### Exercise:
Look below for the line with "medium: Gourd and" and the line with "classification: Bound Volume". Copy exactly those two lines and every line between, but not the pictures.
=== Section Start ===
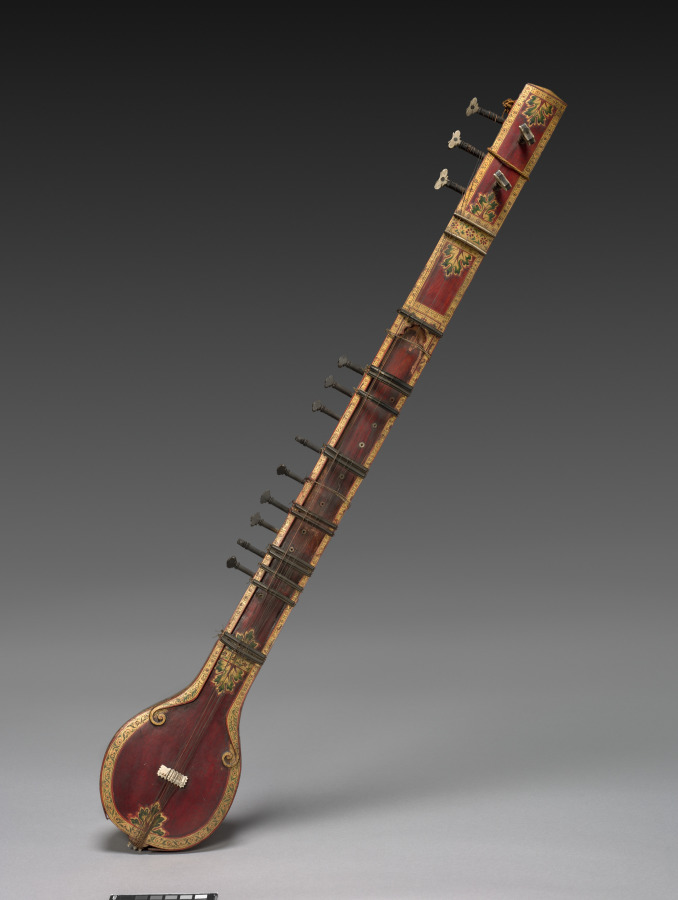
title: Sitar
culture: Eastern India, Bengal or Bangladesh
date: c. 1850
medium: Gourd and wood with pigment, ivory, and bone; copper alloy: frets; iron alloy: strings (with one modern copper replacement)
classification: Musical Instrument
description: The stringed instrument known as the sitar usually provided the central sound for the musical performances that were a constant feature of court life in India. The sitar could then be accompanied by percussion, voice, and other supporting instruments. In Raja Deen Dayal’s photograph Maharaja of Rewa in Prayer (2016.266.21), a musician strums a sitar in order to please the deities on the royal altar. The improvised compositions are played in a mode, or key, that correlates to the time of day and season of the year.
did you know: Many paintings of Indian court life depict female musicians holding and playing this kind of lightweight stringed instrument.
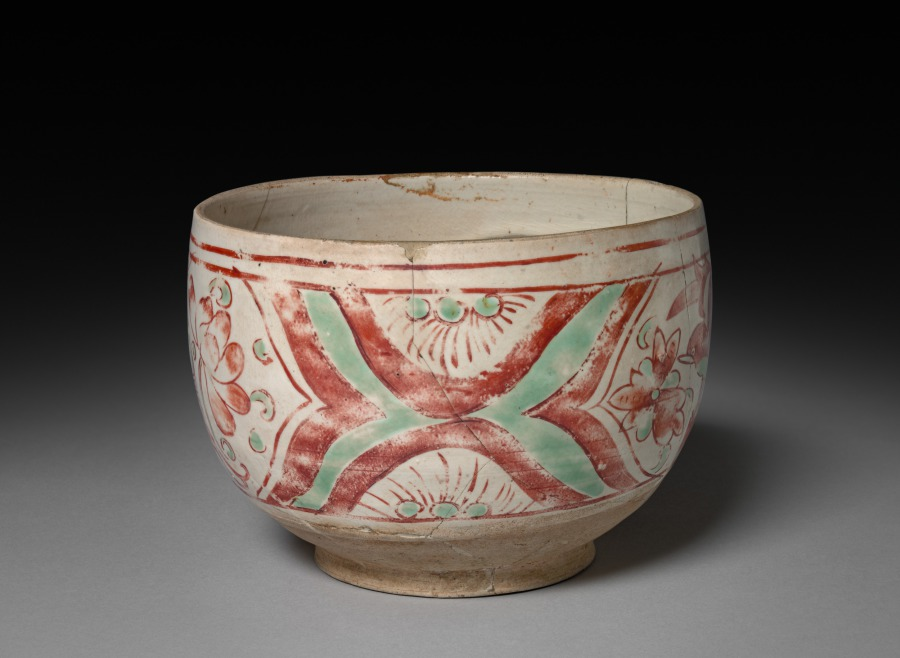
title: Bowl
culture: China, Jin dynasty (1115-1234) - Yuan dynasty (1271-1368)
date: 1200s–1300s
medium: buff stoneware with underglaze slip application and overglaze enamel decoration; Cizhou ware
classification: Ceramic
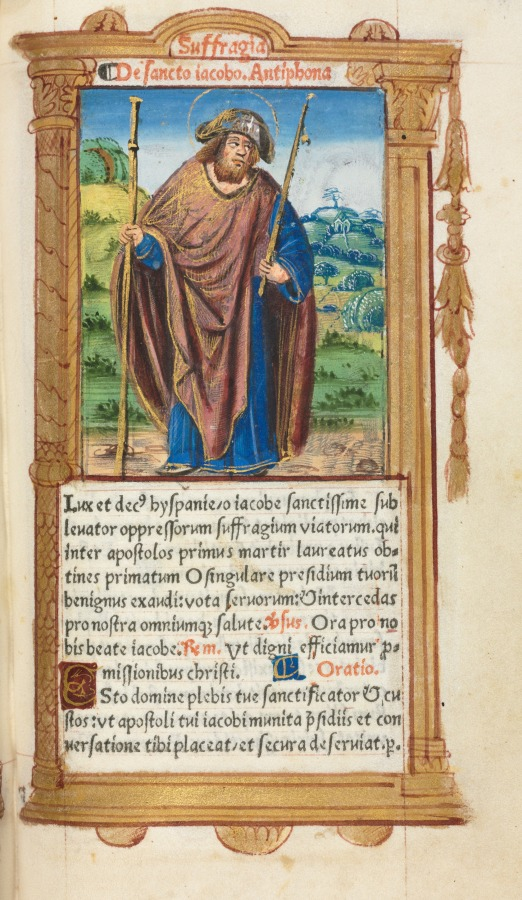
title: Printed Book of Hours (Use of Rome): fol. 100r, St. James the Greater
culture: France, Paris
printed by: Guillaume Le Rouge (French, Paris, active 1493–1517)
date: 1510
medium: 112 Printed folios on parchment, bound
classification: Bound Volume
=== Section End ===
=== Section Start ===
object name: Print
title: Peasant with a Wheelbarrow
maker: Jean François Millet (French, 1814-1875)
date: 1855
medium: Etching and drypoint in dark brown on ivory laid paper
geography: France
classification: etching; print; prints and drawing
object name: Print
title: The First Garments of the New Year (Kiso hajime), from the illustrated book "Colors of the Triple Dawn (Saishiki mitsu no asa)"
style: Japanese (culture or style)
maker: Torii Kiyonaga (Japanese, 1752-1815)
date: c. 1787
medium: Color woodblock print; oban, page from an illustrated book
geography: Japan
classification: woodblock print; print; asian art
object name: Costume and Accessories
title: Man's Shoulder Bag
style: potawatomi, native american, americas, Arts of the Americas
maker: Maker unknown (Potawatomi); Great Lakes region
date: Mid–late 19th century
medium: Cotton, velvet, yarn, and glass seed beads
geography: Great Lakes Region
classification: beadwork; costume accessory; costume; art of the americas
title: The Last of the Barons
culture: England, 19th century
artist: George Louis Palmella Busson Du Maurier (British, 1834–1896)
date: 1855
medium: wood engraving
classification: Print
=== Section End ===
### Response box:
medium: Gourd and wood with pigment, ivory, and bone; copper alloy: frets; iron alloy: strings (with one modern copper replacement)
classification: Musical Instrument
description: The stringed instrument known as the sitar usually provided the central sound for the musical performances that were a constant feature of court life in India. The sitar could then be accompanied by percussion, voice, and other supporting instruments. In Raja Deen Dayal’s photograph Maharaja of Rewa in Prayer (2016.266.21), a musician strums a sitar in order to please the deities on the royal altar. The improvised compositions are played in a mode, or key, that correlates to the time of day and season of the year.
did you know: Many paintings of Indian court life depict female musicians holding and playing this kind of lightweight stringed instrument.
title: Bowl
culture: China, Jin dynasty (1115-1234) - Yuan dynasty (1271-1368)
date: 1200s–1300s
medium: buff stoneware with underglaze slip application and overglaze enamel decoration; Cizhou ware
classification: Ceramic
title: Printed Book of Hours (Use of Rome): fol. 100r, St. James the Greater
culture: France, Paris
printed by: Guillaume Le Rouge (French, Paris, active 1493–1517)
date: 1510
medium: 112 Printed folios on parchment, bound
classification: Bound Volume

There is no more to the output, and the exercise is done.